Jazz live
Publié le 1 Déc 2018

RICCARDO DEL FRA ‘Moving People’ au Sunside 

Pour fêter la parution du disque éponyme publié en octobre, le groupe au grand complet, pour trois soirées parisiennes Rue des Lombards.

 

RICCARDO DEL FRA SEPTET

Jan Prax (saxophones alto & soprano), Rémi Fox (saxophones baryton, alto & soprano), Tomasz Dabrowski (trompette), Bruno Ruder (piano), Kurt Rosenwinkel (guitare), Riccardo Del Fra (contrebasse, composition), Jason Brown (batterie).

 

Paris, Sunside, 30 novembre 2018, 21h15

Après la parution du CD le 19 octobre («Moving People», Cristal/Sony Music, Choc Jazz Magazine en novembre), le groupe a fait un tour de chauffe le 22 novembre aux Trinitaires de Metz, sans les Américains, avant les trois soirés du Sunside. Ici un pianiste différent chaque soir : la veille Thibault Gomez, et le lendemain Carl-Henri Morisset, au clavier pour le disque, et aussi dès l’origine du projet, en 2016, dans le cadre de la Fondation Genshagen, qui rassemble des musiciens de différents pays européens (Allemagne pour Jan Prax, Pologne pour Tomasz Dabrowski, France pour Carl-Henri Morisset & Italie pour Riccardo del Fra). Après différents concerts en Europe le groupe s’est élargi pour le disque avec Rémi Fox, issu comme les pianistes de la fine fleur des artistes qui éclosent au Conservatoire National Supérieur de Musique et de Danse, où Riccardo dirige le département Jazz et Musiques Improvisées. Le pianiste du jour, Bruno Ruder, est depuis plus de dix ans un fidèle partenaire du contrebassiste, tandis que Kurt Rosenwinkel & Jason Brown rejoignent le groupe pour ces concerts, comme ils l’avaient fait pour le disque.

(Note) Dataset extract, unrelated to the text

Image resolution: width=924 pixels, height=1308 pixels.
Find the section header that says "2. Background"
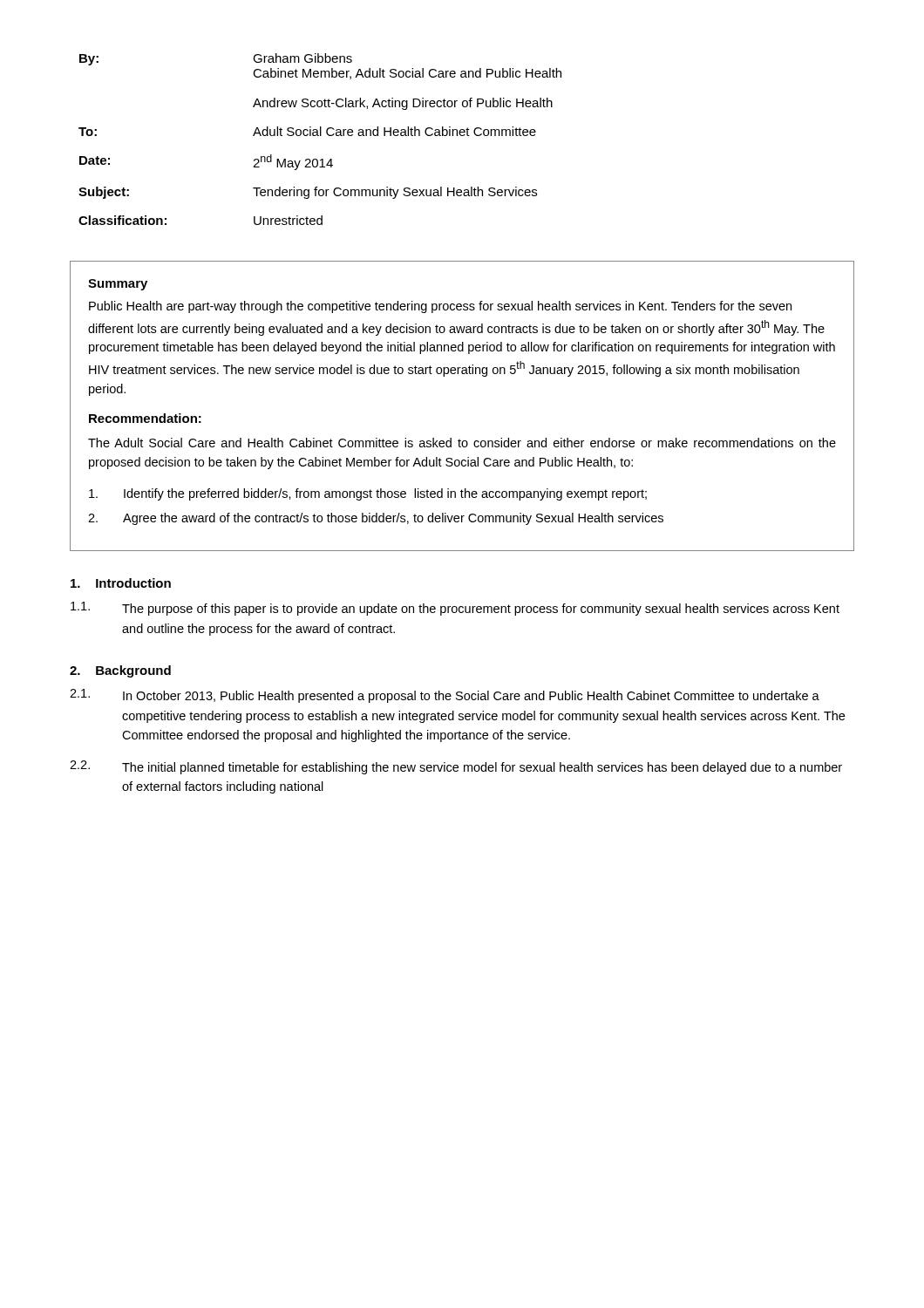pyautogui.click(x=120, y=671)
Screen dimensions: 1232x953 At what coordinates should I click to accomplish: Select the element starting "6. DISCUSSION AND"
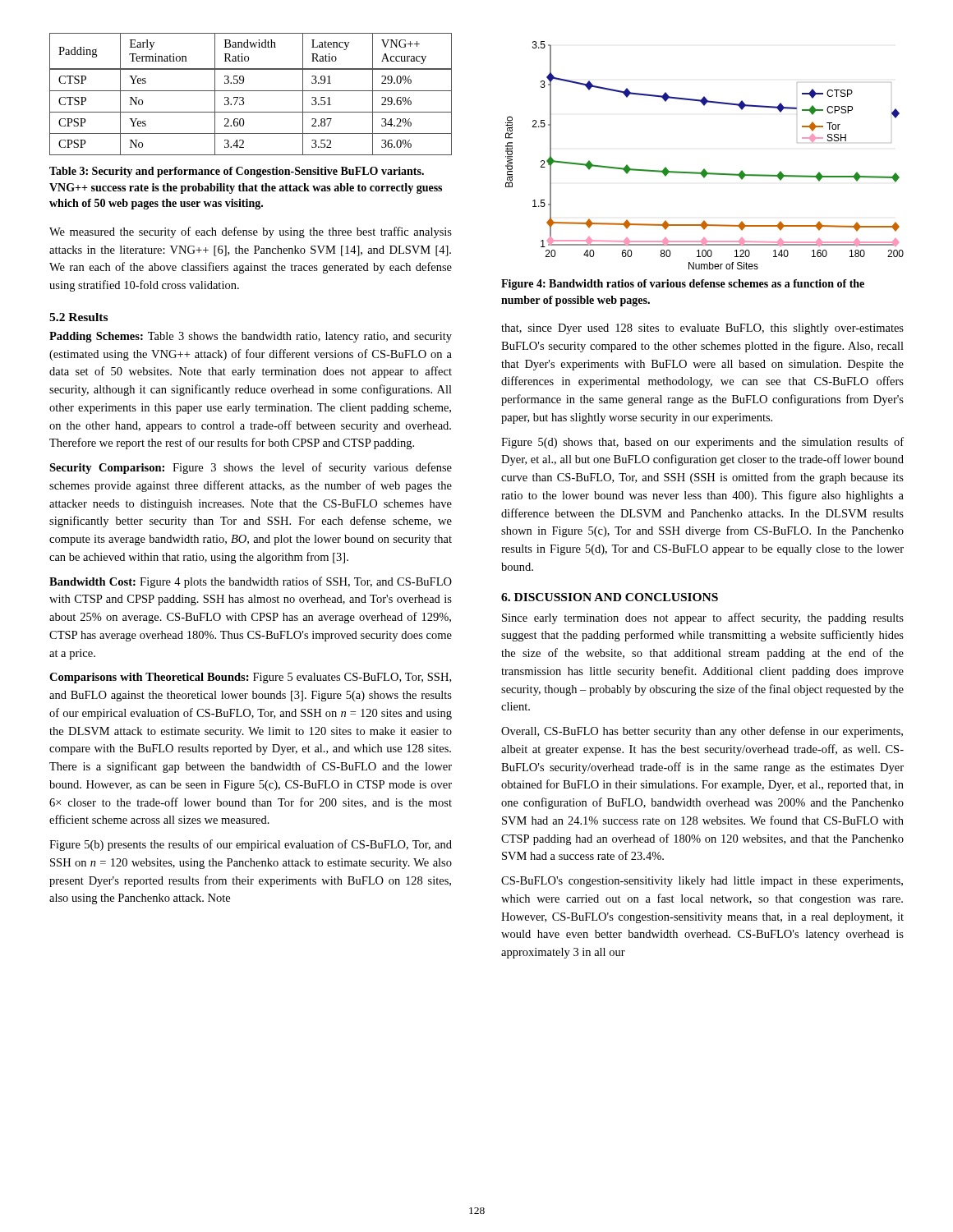(610, 596)

Le programme du concert est en grande partie celui du disque, augmenté de deux compositions du guitariste invité. La cohérence de la suite imaginée pour le CD fonctionne, même quand les compositions se révèlent dans un ordre différent. L’esprit est là, inspiré par le mouvement des migrants dans les turbulences du présent, et par la nécessaire empathie qui fait parfois défaut à une partie des peuples nantis. Des thèmes très vifs alternent avec des compositions mélancoliques, l’écriture est exigeante mais très fluide. Les solistes sont brillants, et même au-delà : Kurt Rosenwinkel éblouit par sa faculté de courir sur le manche jusqu’au vertige en demeurant toujours hyper expressif, choisissant ses notes hors des clichés, et faisant chanter l’instrument en toutes circonstances. Bruno Ruder peaufine chaque note, chaque accent, sans automatismes ni ostentation, avec un lyrisme et une imagination qui forcent l’admiration. Jan Prax surprend par sa faculté d’évasion, se faisant tour à tour chantant, dansant et virevoltant. Tomasz Dabrowski s’enflamme avec un mélange de fougue et de maîtrise qui laisse pantois. Rémi Fox, qui a rejoint le groupe au baryton pour le troisième morceau du premier set, va au fil du concert nous épater, au soprano par son lyrisme, et à l’alto en décrivant de subtiles volutes, usant de modes de jeu hétérodoxes qui font sourire le batteur de pure joie musicale. Et Jason Brown, dans Children Walking (Through A Minefield), qui est une sorte de bref concerto pour batterie et groupe de jazz, va nous épater par sa faculté de faire vivre cette pièce complexe, faite de changements incessants de tempo et de rythme, déplaçant les accents jusqu’aux limites de l’imprévu. C’est là aussi que Riccardo Del Fra va faire chanter, dans son solo, la nostalgie de L’Âme des poètes, la très belle chanson de Charles Trenet. Bien avant, au cours du premier set, il nous avait dans une improvisation décrit l’arc qui conduit d’un phrasé sobre et près des racines du jazz jusqu’à l’émancipation où se plaît aussi la contrebasse. En résumé, un beau moment pour ceux qui assistaient à ce concert, et visiblement aussi pour le groupe sur scène. Très belle soirée, en somme.

Xavier Prévost

Le groupe jouera le 2 février 2019 à Paris, Maison de la Radio, au studio 104 à 20h30, pour un concert ‘Jazz sur le Vif’, avec Kurt Rosenwinkel & Nicolas Fox.